For example, if there is resistance at $5.25 but one of the aforementioned methods tells you to buy and place a profit target at $5.30, you may wish to skip that trade or revise your target to $5.24 (if the trade is still worthwhile). If you are long, you are better off getting out just below resistance. You can always get back into another trade if the price keeps moving above resistance. Same with support. If your target based on the aforementioned methods is well below support, consider skipping that trade. Alternatively, get out near support (if the reward:risk is still favorable); you can always get back in if the price continues to move below support.

Final Word on Profit Targets

There are multiple ways profits targets can be established. When you use a profit target you are estimating how far the price will move and assuring that your profit potential outweighs your risk.

Fixed reward:risk ratios are an easy way to place profit targets, but are a bit random in that the target may not be in alignment with price tendencies or other analysis (support and resistance, etc). The upshot is that it is an easymethod to implement and you always know your winning trades will be bigger than your losing trades. Adjust the fixed reward:risk ratio as you gain experience. If you notice that the price typically moves past your 2:1 fixed target, then bump it up to 2.2:1 or 2.5:1, for example.

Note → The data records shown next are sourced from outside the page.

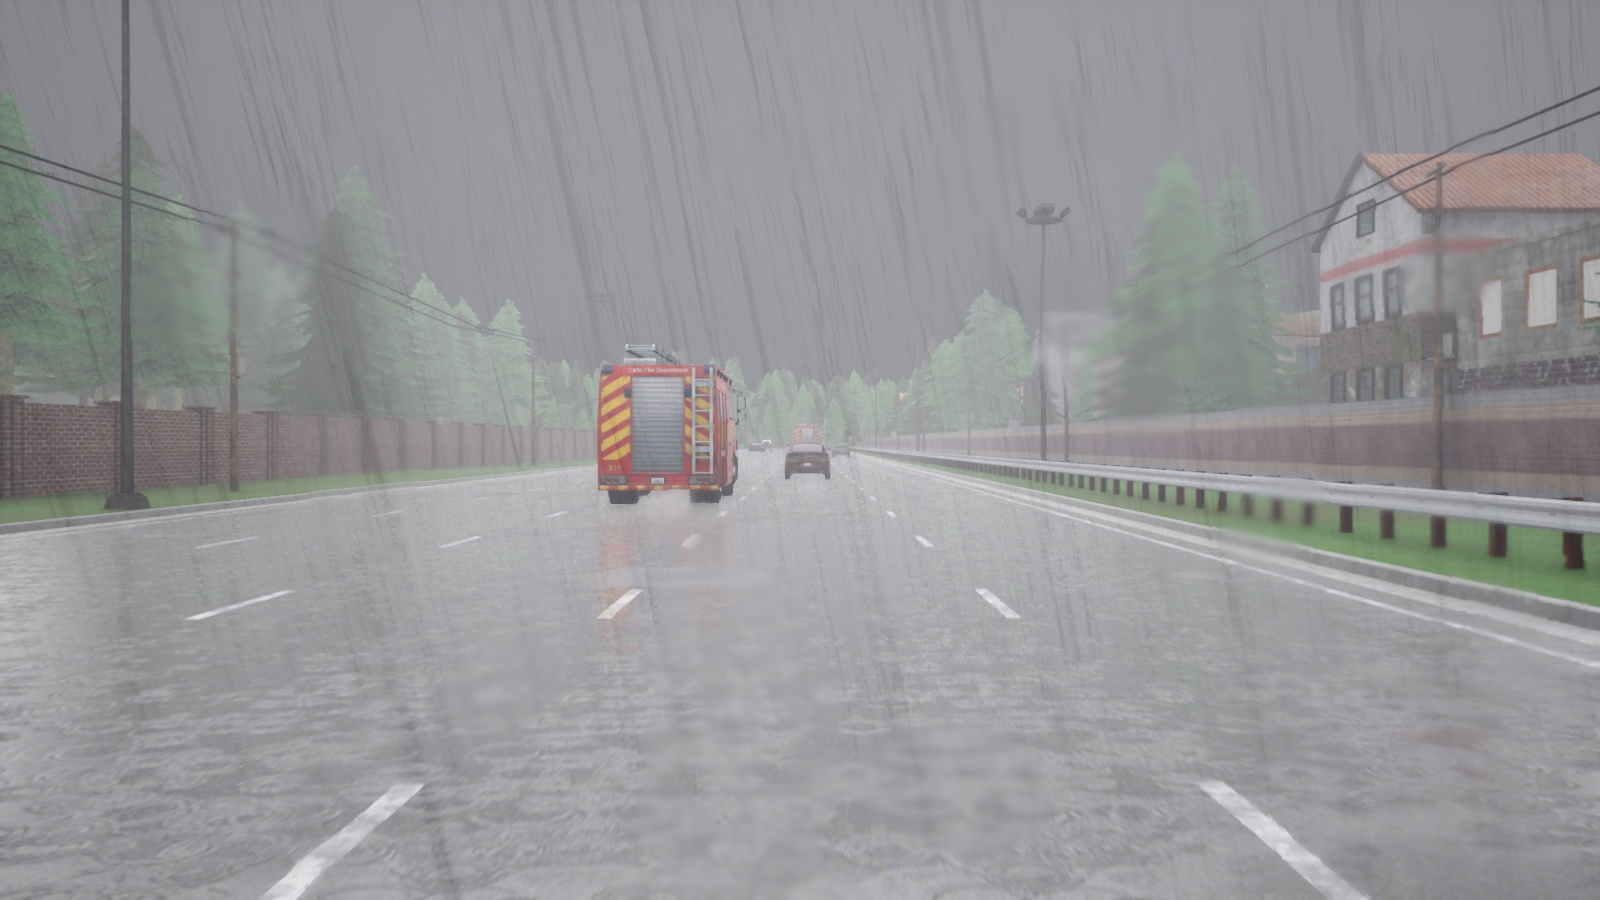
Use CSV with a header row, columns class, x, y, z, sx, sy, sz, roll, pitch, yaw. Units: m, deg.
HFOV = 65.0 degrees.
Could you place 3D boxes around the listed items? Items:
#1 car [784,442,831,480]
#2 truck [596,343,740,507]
class,x,y,z,sx,sy,sz,roll,pitch,yaw
car,0.321,0.423,53.440,1.882,1.535,5.008,0,0,0
truck,-3.292,-0.610,33.585,2.891,3.827,8.468,0,0,0
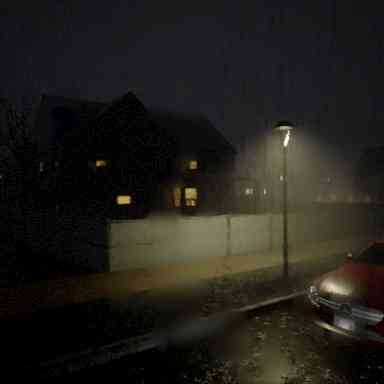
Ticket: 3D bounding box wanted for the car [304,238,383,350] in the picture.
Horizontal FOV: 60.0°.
[{"bbox_3d":[3.985,1.556,5.919,4.674,1.442,1.812,0,0,-36],"label":"car"}]
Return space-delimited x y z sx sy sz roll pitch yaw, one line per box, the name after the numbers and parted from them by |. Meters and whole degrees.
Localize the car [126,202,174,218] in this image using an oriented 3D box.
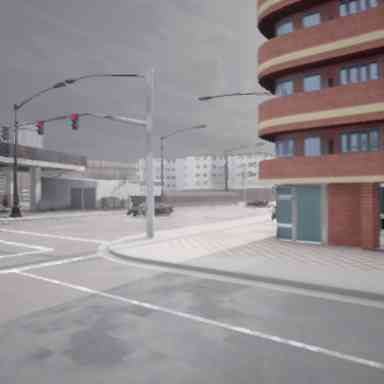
-3.981 1.712 32.700 2.033 1.411 5.357 -1 0 35 | car

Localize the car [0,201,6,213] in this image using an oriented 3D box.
-24.188 1.776 40.106 3.806 1.475 1.970 -1 0 36 | car

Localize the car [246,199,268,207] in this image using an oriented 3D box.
10.390 1.769 53.443 1.895 1.301 4.718 -1 0 35 | car
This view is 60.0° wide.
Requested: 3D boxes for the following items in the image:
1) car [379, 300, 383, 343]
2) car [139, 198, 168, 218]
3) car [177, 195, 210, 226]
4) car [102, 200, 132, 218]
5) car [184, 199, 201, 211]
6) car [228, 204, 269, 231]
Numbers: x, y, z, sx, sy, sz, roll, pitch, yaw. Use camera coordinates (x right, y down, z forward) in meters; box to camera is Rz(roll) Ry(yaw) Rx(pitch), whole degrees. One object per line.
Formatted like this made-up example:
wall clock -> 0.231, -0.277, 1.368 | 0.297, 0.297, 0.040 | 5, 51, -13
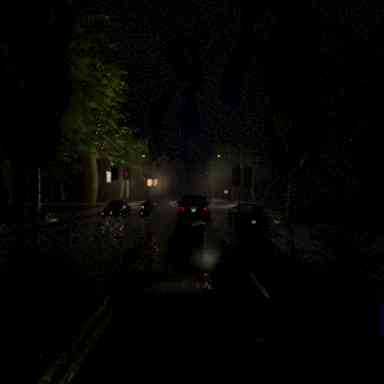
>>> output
car -> 3.351, 1.221, 1.685 | 2.150, 2.045, 5.566 | 0, 0, 0
car -> -3.344, 1.325, 29.526 | 2.097, 1.767, 4.553 | 0, 0, 0
car -> 0.102, 1.205, 23.287 | 2.150, 2.045, 5.566 | 0, 0, 0
car -> -6.594, 1.478, 29.494 | 1.837, 1.490, 4.892 | 0, 0, 0
car -> 0.105, 1.543, 40.689 | 1.994, 1.385, 4.181 | 0, 0, 0
car -> 3.353, 1.462, 20.521 | 1.882, 1.535, 5.008 | 0, 0, 0
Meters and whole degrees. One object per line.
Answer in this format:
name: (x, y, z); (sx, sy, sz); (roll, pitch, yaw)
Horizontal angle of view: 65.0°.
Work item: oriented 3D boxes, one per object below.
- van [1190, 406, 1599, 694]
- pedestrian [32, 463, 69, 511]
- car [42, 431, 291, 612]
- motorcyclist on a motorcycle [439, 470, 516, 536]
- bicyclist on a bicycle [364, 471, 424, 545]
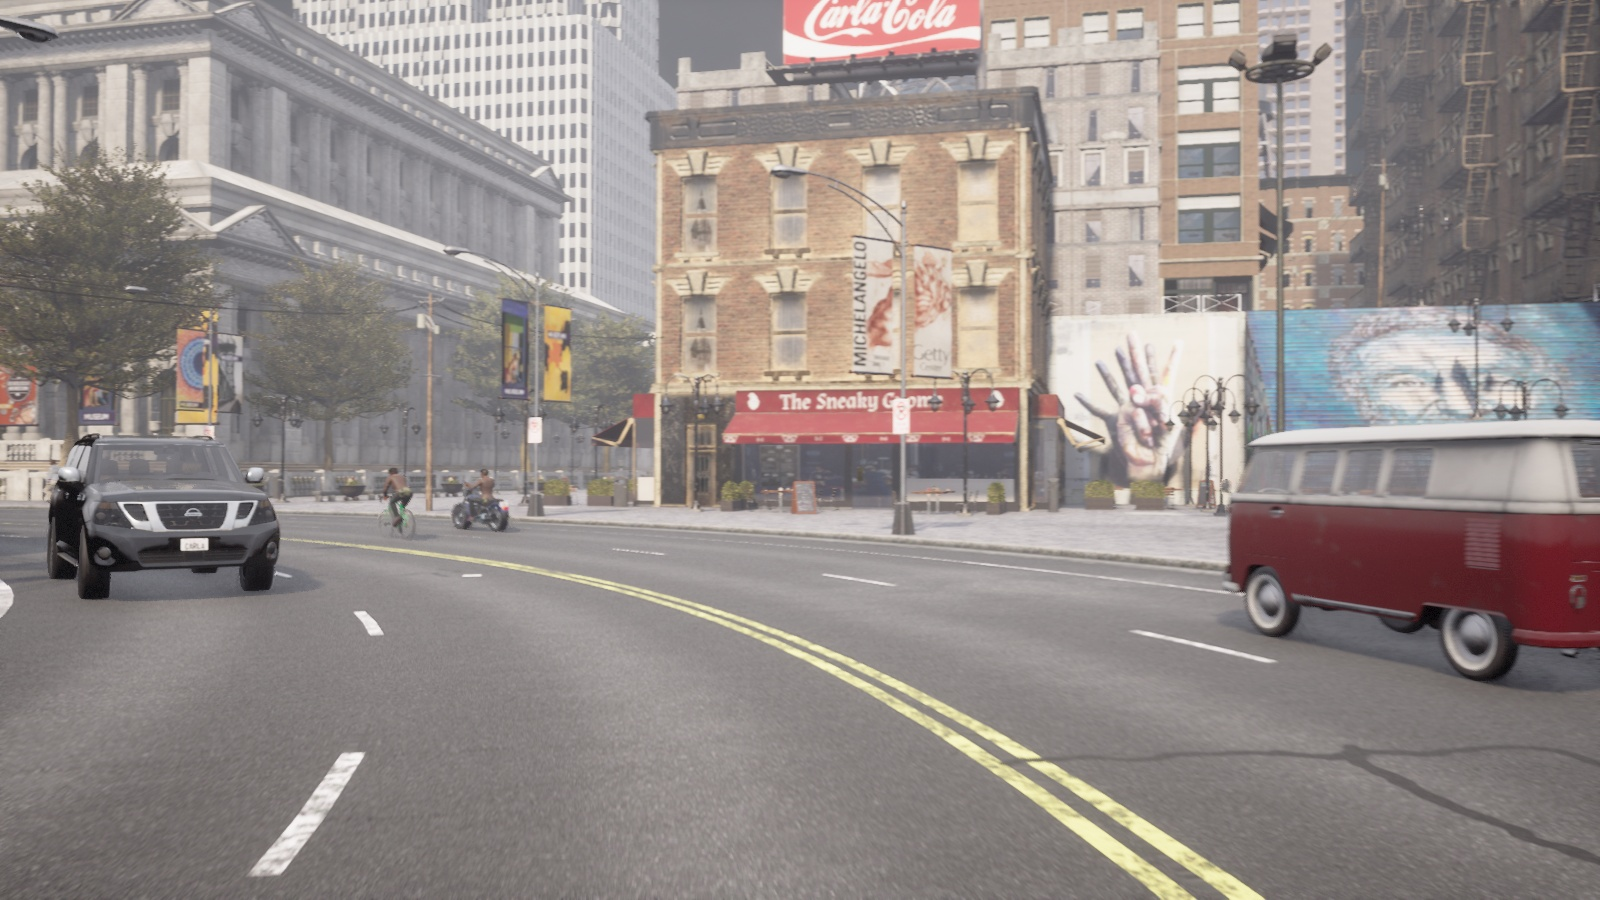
van: (5.445, 0.725, 11.045); (1.775, 1.987, 4.442); (0, -1, -14)
pedestrian: (-29.634, 1.454, 49.674); (0.900, 1.855, 0.874); (-1, -1, 16)
car: (-8.765, 0.864, 17.069); (2.150, 2.045, 5.566); (1, -1, -36)
motorcyclist on a motorcycle: (-8.329, 1.349, 32.341); (2.350, 1.649, 0.766); (-1, -1, 43)
bicyclist on a bicycle: (-9.142, 1.287, 28.258); (1.656, 1.620, 0.582); (-2, -1, 45)
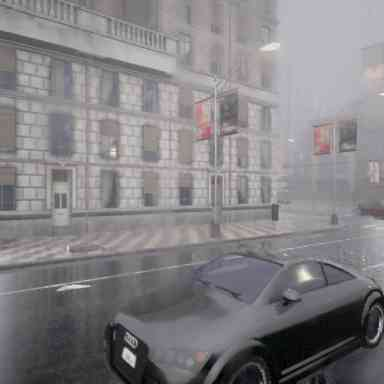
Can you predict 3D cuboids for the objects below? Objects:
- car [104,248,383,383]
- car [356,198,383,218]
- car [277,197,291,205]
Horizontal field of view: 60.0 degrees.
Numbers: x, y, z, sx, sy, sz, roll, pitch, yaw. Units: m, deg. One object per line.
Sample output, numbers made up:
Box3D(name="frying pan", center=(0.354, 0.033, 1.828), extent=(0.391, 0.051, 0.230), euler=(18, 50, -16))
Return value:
Box3D(name="car", center=(0.945, 1.564, 4.697), extent=(4.181, 1.385, 1.994), euler=(0, 0, -36))
Box3D(name="car", center=(16.081, 1.352, 28.005), extent=(2.097, 1.767, 4.553), euler=(0, 0, -13))
Box3D(name="car", center=(14.931, 1.601, 58.480), extent=(1.895, 1.301, 4.718), euler=(0, 0, -37))
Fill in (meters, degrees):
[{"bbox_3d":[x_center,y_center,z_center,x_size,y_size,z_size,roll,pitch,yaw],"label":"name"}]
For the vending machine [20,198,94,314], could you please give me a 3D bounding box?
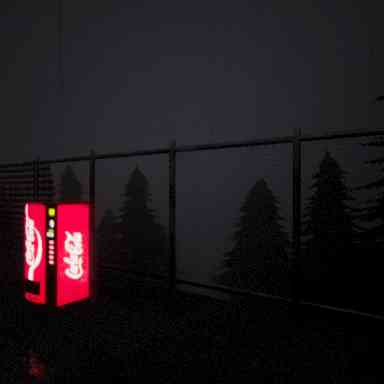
[{"bbox_3d":[-2.748,1.194,6.806,0.880,2.100,1.100,0,0,35],"label":"vending machine"}]
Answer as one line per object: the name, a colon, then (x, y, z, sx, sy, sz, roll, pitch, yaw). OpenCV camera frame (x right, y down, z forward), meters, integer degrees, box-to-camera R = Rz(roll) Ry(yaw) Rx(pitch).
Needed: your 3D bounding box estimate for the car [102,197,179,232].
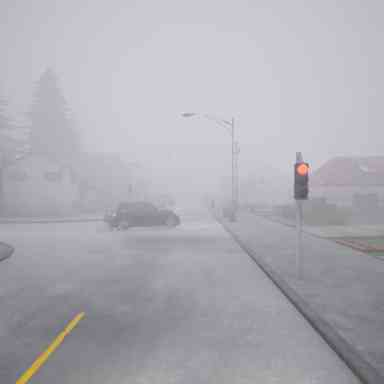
car: (-3.052, 1.351, 20.476, 4.553, 1.767, 2.097, 0, 0, -32)

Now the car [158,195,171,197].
car: (-4.043, 1.505, 41.749, 1.837, 1.490, 4.892, 0, 0, 0)

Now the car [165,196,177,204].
car: (-3.969, 1.526, 63.370, 1.812, 1.442, 4.674, 0, 0, 1)

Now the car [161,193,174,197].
car: (-4.026, 1.221, 52.244, 2.150, 2.045, 5.566, 0, 0, 0)
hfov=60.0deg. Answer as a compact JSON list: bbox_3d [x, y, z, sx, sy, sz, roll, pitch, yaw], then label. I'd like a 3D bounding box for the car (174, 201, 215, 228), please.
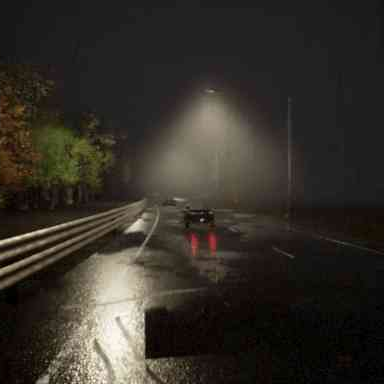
[{"bbox_3d":[0.262,1.464,22.069,2.128,1.511,4.902,0,0,-8],"label":"car"}]

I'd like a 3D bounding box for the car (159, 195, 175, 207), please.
[{"bbox_3d":[-3.509,1.465,49.734,1.994,1.385,4.181,0,0,-8],"label":"car"}]

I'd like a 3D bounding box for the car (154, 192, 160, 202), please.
[{"bbox_3d":[-6.421,1.364,71.081,2.128,1.511,4.902,0,0,-8],"label":"car"}]

Measuring moves is a valuable skill to have, as it gives you an estimate of how far prices could move based on patterns you are seeing now.

Researching market tendencies can be tedious work, cataloging loads of price moves over many days (weeks and months), but it can provide tremendous insight into how a particular asset moves. These tendencies won't repeat every day in the exact same way but will provide general guidance on where to place profit targets.

When starting out, the fixed reward:risk method works well. Use a 1.5 or 2:1 reward to risk, and see it how it works out. If the price isn't hitting your target, reduce the target slightly (on all your trades). If the price is running well past your targets, then increase the target slightly (on all your trades). As you become more experienced, fine-tune your profit targets based on the other methods provided, if needed.

Frequently Asked Questions (FAQs)

How do you pick exit targets for swing trading?

Picking targets for swing trading is the same basic process as picking targets for day trading. The only differences with swing trading are that the timelines are longer, the position sizes are likely smaller, and the sizes of the moves are likely larger. Traders can base these swing trading targets on measured moves, fixed reward:risk targets, or any other type of analysis that also works for day traders.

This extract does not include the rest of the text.